Last year, Russian films accounted for 28 billion rubles of total box office receipts.

Mosfilm survived both the Soviet communist era, when films were subject to strict censorship, and the severe economic downturn that followed the collapse of the USSR in 1991.

The studio only makes a fraction of Russian films, but it remains a force, boasting impressive sets, state-of-the-art recording and editing studios, computer-generated imagery (CGI) facilities, and a large cinema complex.

“Mosfilm” is not inferior to any studio in the world, and even surpasses many of them,” says 71-year-old Karen Shahnazarov, who is also a film director.

He adds that he is proud of the studio as it approaches its 100th anniversary.
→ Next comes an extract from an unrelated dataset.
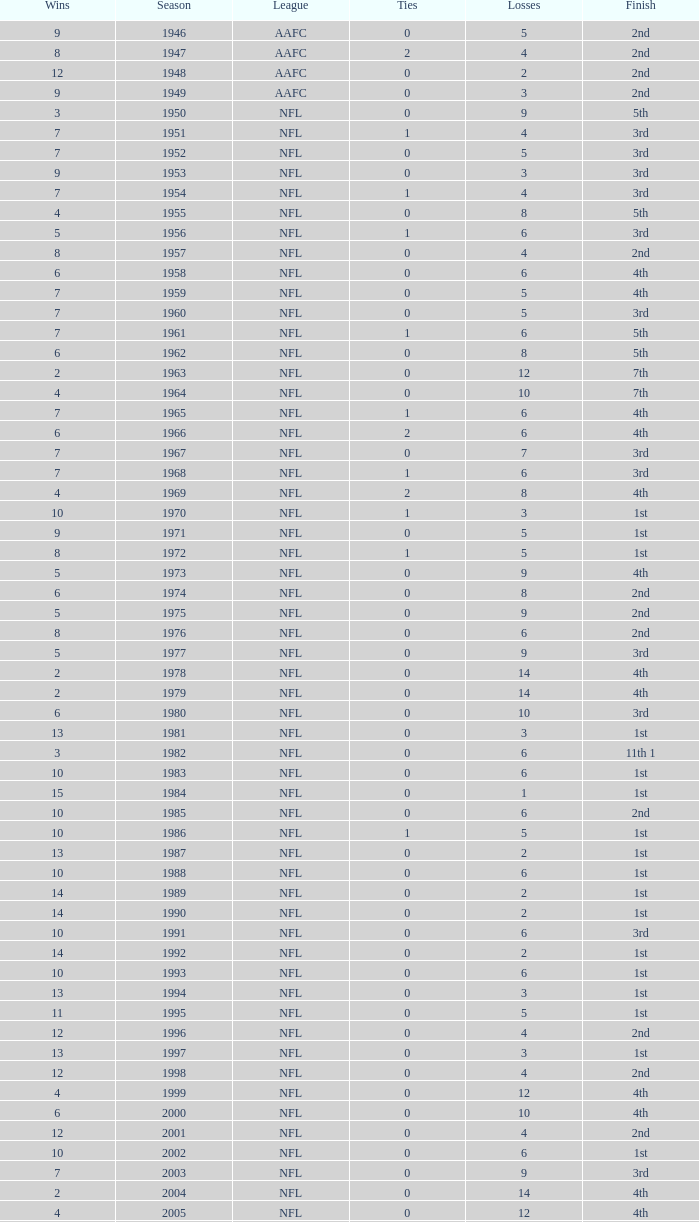What is the number of losses when the ties are lesser than 0? 0.0.

State television channel Rossiya 1 aired a gala on January 20 paying tribute to leading figures from the past, including Sergei Eisenstein, who directed and co-wrote the 1925 film Battleship Potemkin.

Other films produced by Mosfilm include Andrei Tarkovsky’s 1972 film Solaris.

According to the director general, war films are more popular than any other genre in Russia and beyond – something that surprises him.

Many of Mosfilm’s most successful productions take place during times of war and turmoil. “All our greatest hits, both Soviet and Russian, have far fewer viewers than our war films,” says Karen Shahnazarov.